The problem started when I was recording a cassette tape to my computer through my line in port. Things were going fine, and then all of a sudden things started acting screwy. First the audio I was recording started jumping from way to low to extremely loud, then started randomly choosing which channel to record. Then I kept getting notifications saying that my speakers were being plugged in and unplugged into random jacks when I didn't even touch them. I've recorded cassettes to my computer before and nothing like that has ever happened to me before. 

I quit recording and restarted my computer. I no longer had any sound, and still kept receiving notifications. I unplugged the speaker jacks, uninstalled the audio driver, reinstalled the audio driver, and plugged the jacks back in. No more notifications, but still no sound. It's been that way ever since. 

I went through everything common in the windows help file: Nothing is muted, my speakers are connected into the correct jacks, my speakers are plugged in and turned on, the sound device is turned on and enabled, and is selected as the defalut device (its the only sound device), windows says the device is working properly, I'm using the latest drivers, no hardware device conflict, and the sound is turned on in the bios. 

After trying everything I knew how to do short of reformatting my hard drive, and being unable to find much help online, I gave up on getting them to work for a while. I installed a pair of usb headphones I had to see if they could play sound. They did, so I just got by with using those for a while. But ONLY the usb headphones worked. If I plugged a pair into the headphone jack on my sound card, or the headphone jack on my speakers, I still wouldn't get any sound.

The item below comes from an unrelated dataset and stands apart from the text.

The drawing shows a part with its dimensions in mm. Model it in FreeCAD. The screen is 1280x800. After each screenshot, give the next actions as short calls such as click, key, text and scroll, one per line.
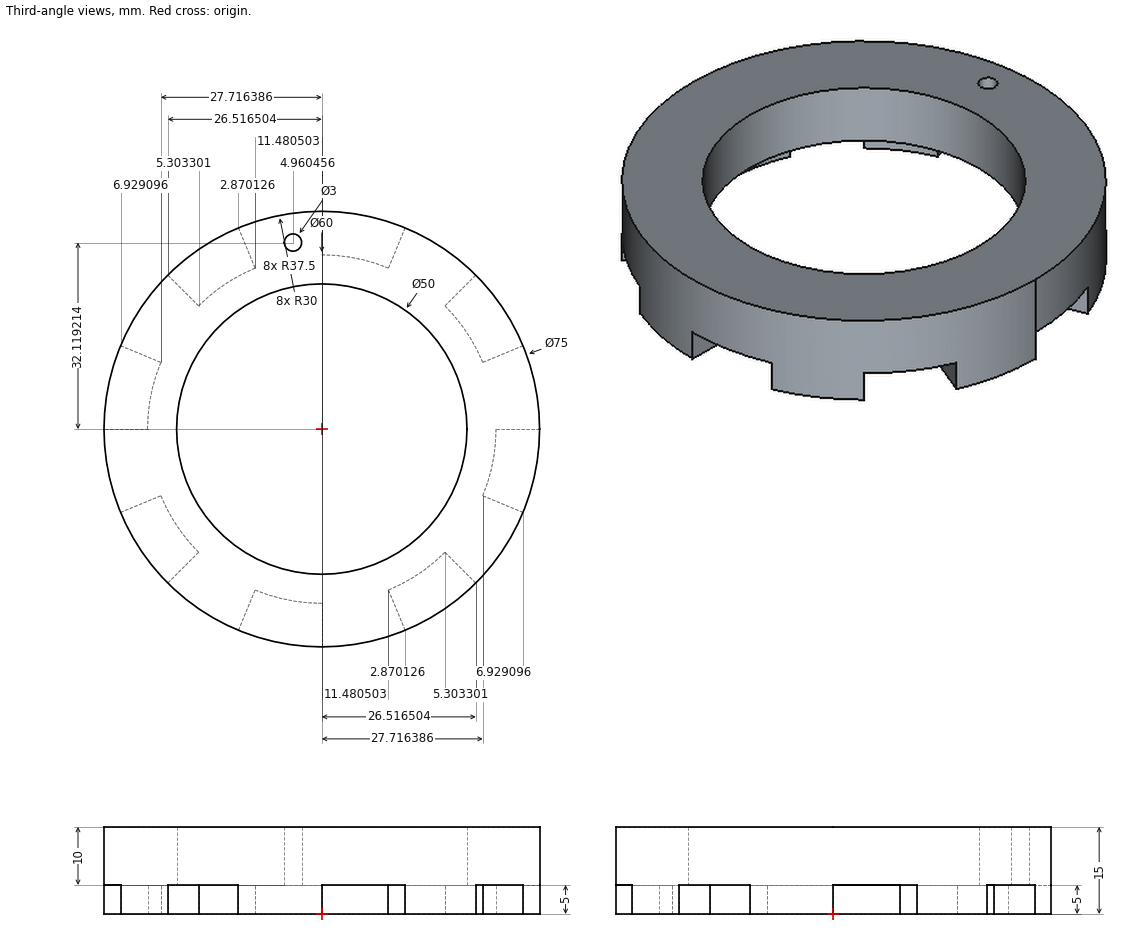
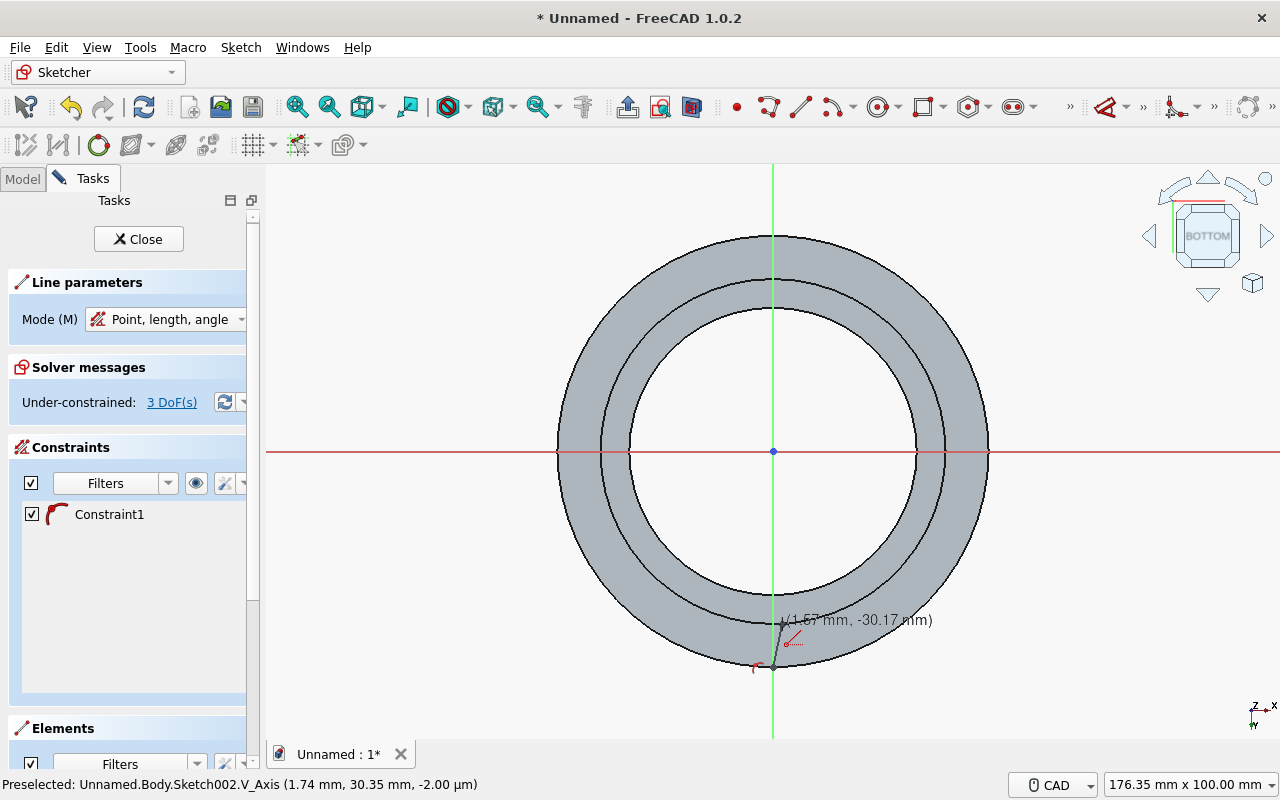
click(707, 611)
click(690, 651)

Plus, even though the usb headphones would play, I still seemed to be having some sound issues with them. Depending on what I would try to play, some sounds would be distorted and scratchy, some applications would have sound at a very low level, and I never seemed to get full sound quality out of the headphones no matter what I did. There always seemed to be a background static or interference noise. The problem was not that the volume was up to high on something either.

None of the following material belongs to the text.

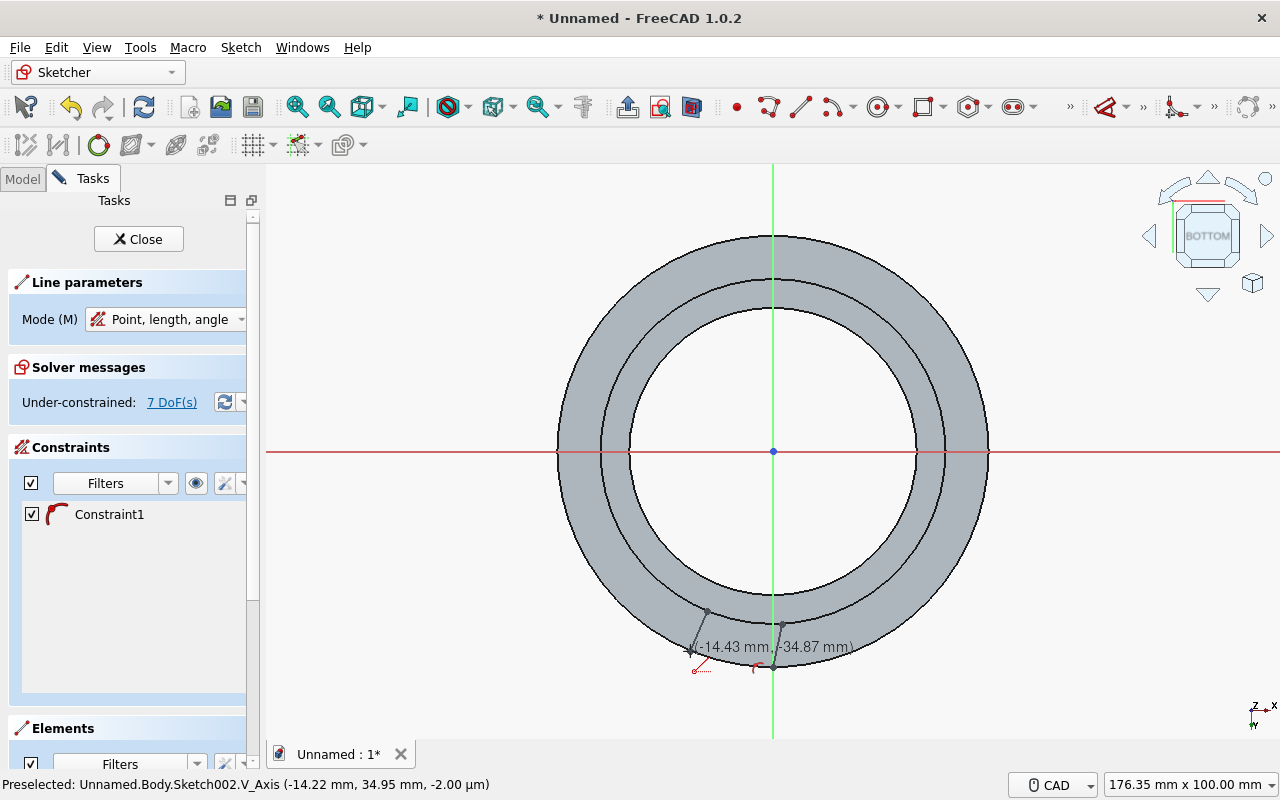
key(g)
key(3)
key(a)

Eventually I got around to formatting my hard drive. Among solving other issues I was having, I thought maybe finally, my sound issues would be resolved with a fresh start. But to my dismay, I installed the sound drivers once again only to discover that I still had no sound, even though everything kept telling me that everything was working fine.

Is there anything I can do to get my speakers working again? Is it a problem with the realtek hd audio? Would investing in a new sound card solve the problem? If so, which soundcard would you recommend I buy? If buying a new soundcard will solve the problem, or is the only way to solve the problem, I am willing to spend up to $100 for a good quality one. I would use it mainly for movies, and also for music, and would need it to support my 5.1 speakers. The higher the sound quality, the better. I would like it to be better quality than the realtek at least.

I'd appreciate any help I can get with this. I don't know what else to do at this point.


----------



## Deleted090308 (Jan 25, 2007)

Hi, welcome to TSF :wave:

Try this:
Uninstall the Realtek drivers. 
Download and install the updated drivers from *Realtek*.
Download and install this update from *Microsoft*.


----------



## NightFlower47 (Jul 30, 2007)

Nope. I just tried that, but i still don't have any sound.


----------



## Deleted090308 (Jan 25, 2007)

I think the onboard audio is gone. 
If you want to buy a sound card - have a look at the X-Fi series from Creative.


----------



## Yantorsen (Feb 13, 2008)

I am having the exact same problems as you but with vista and different hardware.

did replacing sound card fix this?

cheers.


----------



## Yantorsen (Feb 13, 2008)

Yantorsen said:


> I am having the exact same problems as you but with vista and different hardware.
> 
> did replacing sound card fix this?
> 
> cheers.


----------



## NightFlower47 (Jul 30, 2007)

Yantorsen said:


> I am having the exact same problems as you but with vista and different hardware.
> 
> did replacing sound card fix this?
> 
> cheers.


Yes. I bought a new sound card and the speakers worked again perfectly. The problem was the onboard audio.


----------



## Yantorsen (Feb 13, 2008)

NightFlower47 said:


> Yes. I bought a new sound card and the speakers worked again perfectly. The problem was the onboard audio.


Right, cheers mate


----------